Hi I have the following problem:
I'm storing strings and a corresponding list of integer values in an MultiValueMap<String, Integer>
I'm storing about 13 000 000 million strings and one string can have up to 500 or more values.
For every single value i will have random access on the Map. So worst case are 13 000 000* 500 put calls. Now the speed of the map is good but the memory overhead gets quite high. A MultiValueMap<String, Integer>
is nothing else then a HashMap/TreeMap<String, <ArrayList<Integer>>
. Both HashMap and TreeMap have quite a lot of memory Overhead. I wont be modifying the map once it is done, but I need it to be fast and as small as possible for random access in a program. (I'm storing it on disk and loading it on start, the serialized map file takes up about 600mb but in memory its about 3gb?)
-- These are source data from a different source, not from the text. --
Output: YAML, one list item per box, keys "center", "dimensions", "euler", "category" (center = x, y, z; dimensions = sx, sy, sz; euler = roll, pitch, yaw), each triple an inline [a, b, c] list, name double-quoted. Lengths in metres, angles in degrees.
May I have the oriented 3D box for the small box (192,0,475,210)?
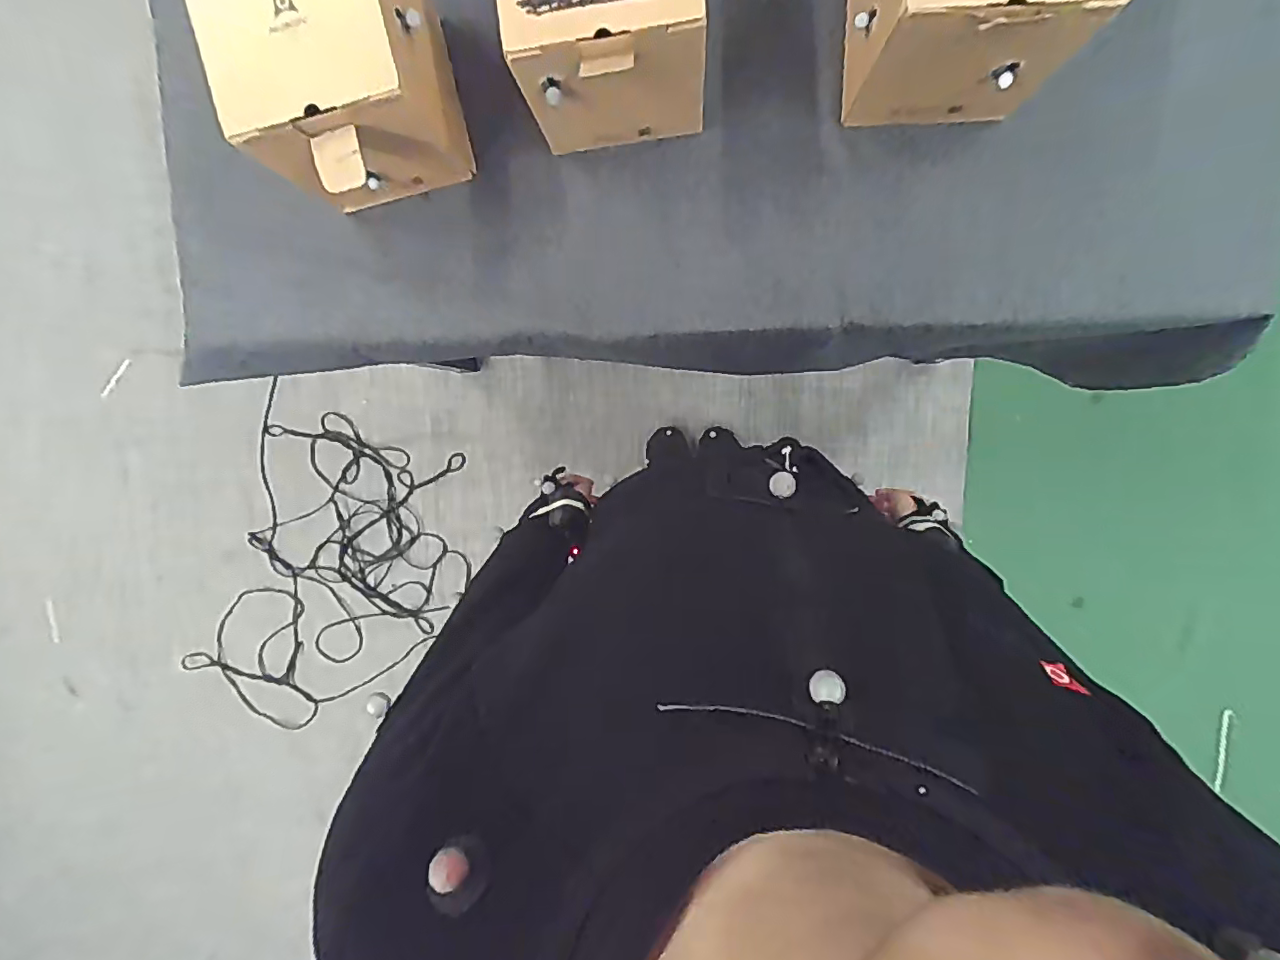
- center: [-0.283, -0.398, 0.527]
  dimensions: [0.168, 0.176, 0.179]
  euler: [-12, 96, 6]
  category: "small box"

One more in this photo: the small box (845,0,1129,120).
- center: [0.289, -0.446, 0.475]
  dimensions: [0.168, 0.176, 0.179]
  euler: [0, 96, 4]
  category: "small box"
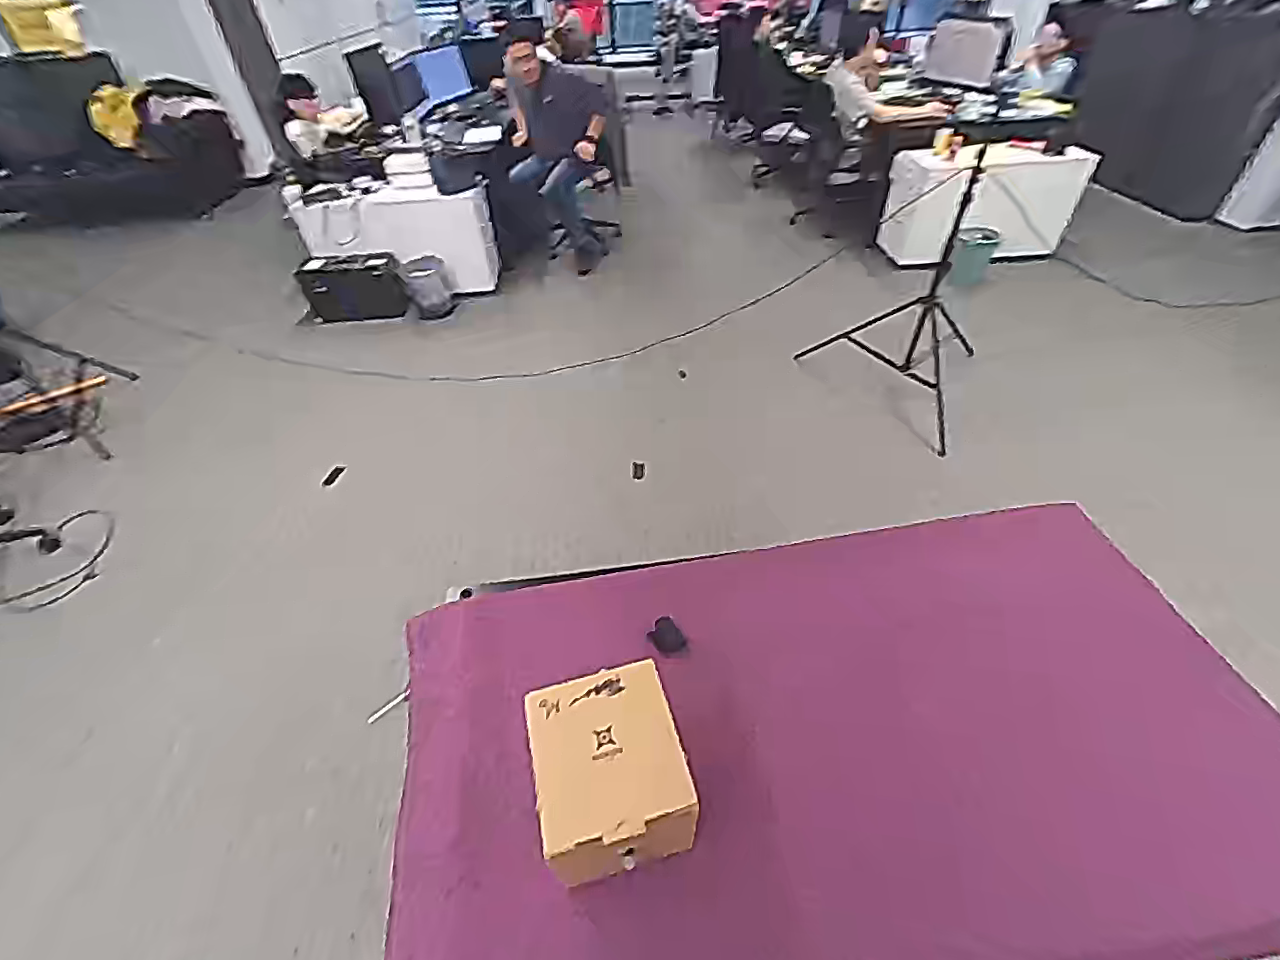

the most memory efficient thing would be, to store the String in sorted string array and have a corresponding two dimensional int array for values. So access would be a binary search on the string array and getting the corresponding values.
Now I have three ways to get there:
I use a sorted MultivalueMap (TreeMap) for the creation phase to store everything.After I'm finished with getting all values, I get the string array by calling
map.keyset().toArray(new String[0]);
Make a two dimensional int array and get all the values from the multivaluemap. Pro: It's easy to implement, It is still fast during creation. Con: It takes up even more memory during the copying from Map to Arrays.I use Arrays or maybe ArrayLists from the start and store everything in there Pro: least memory overhead. Con: this would be enormously slow because i would have to sort/copy the Array every time a add a new Key, Also i would need to implement my own (propably even slower) sorting to keep the corresponding int array in the same order like the strings. Hard to implement
I use Arrays and a MultivalueMap as buffer. After the program finished 10% or 20% of the creation phase, I will add the values to the Arrays and keep them in order, then start a new Map. Pro: Propably still fast enough and memory efficient enough. Con: Hard to implement.
None of these solutions really feel right to me. Do you know any other solutions to this problem, maybe a memory efficient (MultiValue)Map implementation?
I know I could be using a database so don't bother posting it as an answer. I want to know how i could do this without using a database.